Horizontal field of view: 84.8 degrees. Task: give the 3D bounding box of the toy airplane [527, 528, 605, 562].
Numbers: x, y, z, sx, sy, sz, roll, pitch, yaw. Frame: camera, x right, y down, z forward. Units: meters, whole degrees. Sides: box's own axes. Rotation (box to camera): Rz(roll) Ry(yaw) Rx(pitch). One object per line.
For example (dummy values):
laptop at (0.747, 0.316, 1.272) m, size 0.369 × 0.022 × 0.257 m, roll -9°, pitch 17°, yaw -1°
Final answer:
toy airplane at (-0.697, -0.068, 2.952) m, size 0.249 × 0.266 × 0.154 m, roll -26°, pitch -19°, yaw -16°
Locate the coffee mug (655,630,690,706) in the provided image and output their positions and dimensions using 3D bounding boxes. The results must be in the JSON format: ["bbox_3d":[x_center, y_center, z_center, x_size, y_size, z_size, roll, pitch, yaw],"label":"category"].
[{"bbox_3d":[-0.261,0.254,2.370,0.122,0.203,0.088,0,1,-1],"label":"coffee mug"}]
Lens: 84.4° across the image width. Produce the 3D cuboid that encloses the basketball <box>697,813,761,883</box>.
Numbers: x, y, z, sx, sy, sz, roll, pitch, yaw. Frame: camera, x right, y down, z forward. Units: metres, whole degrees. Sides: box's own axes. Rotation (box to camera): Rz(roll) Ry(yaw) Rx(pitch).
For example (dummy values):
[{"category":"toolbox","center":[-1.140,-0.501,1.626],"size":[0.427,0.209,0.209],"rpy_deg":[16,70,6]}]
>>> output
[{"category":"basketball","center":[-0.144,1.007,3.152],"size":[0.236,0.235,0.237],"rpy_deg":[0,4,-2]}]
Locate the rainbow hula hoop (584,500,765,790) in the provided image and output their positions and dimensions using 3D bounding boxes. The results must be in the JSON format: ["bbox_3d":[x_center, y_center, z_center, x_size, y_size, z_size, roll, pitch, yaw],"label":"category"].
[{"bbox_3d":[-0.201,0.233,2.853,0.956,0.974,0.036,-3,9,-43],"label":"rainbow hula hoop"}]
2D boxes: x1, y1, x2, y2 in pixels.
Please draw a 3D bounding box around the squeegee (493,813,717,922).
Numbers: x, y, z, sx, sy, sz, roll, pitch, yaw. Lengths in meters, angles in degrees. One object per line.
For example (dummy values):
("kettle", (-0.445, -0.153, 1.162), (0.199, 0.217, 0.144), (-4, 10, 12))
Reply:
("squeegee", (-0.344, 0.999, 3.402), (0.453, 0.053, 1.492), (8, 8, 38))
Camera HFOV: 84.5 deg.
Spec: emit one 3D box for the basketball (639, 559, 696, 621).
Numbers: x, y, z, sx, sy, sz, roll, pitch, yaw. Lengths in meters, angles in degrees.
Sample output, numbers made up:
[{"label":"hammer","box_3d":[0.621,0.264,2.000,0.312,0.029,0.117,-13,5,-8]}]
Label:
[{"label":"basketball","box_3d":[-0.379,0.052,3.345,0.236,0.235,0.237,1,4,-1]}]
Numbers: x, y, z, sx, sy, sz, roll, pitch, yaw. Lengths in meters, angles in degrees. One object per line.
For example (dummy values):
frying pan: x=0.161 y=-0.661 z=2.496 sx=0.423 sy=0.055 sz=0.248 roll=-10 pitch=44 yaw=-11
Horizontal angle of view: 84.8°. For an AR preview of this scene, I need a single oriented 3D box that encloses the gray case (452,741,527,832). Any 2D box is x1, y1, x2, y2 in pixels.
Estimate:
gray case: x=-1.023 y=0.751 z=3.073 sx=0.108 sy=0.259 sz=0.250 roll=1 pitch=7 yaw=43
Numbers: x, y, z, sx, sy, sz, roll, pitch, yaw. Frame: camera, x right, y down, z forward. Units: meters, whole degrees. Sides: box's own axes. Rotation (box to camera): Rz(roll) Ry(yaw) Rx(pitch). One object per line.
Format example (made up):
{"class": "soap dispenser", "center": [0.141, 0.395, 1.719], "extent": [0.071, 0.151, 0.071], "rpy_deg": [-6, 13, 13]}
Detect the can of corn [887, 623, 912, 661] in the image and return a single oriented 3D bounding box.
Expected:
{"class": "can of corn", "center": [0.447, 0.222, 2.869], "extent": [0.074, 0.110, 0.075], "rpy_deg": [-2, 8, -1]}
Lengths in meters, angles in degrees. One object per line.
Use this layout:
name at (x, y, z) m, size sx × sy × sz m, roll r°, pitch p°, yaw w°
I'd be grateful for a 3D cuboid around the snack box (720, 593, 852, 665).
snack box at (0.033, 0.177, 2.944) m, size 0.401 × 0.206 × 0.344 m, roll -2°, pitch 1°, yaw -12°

- _WHAT YOU ARE ASKED TO DO_: Please report the number of lines in the data that include the word "angles", and add no other text.

- _EXERCISE ANSWER_: 4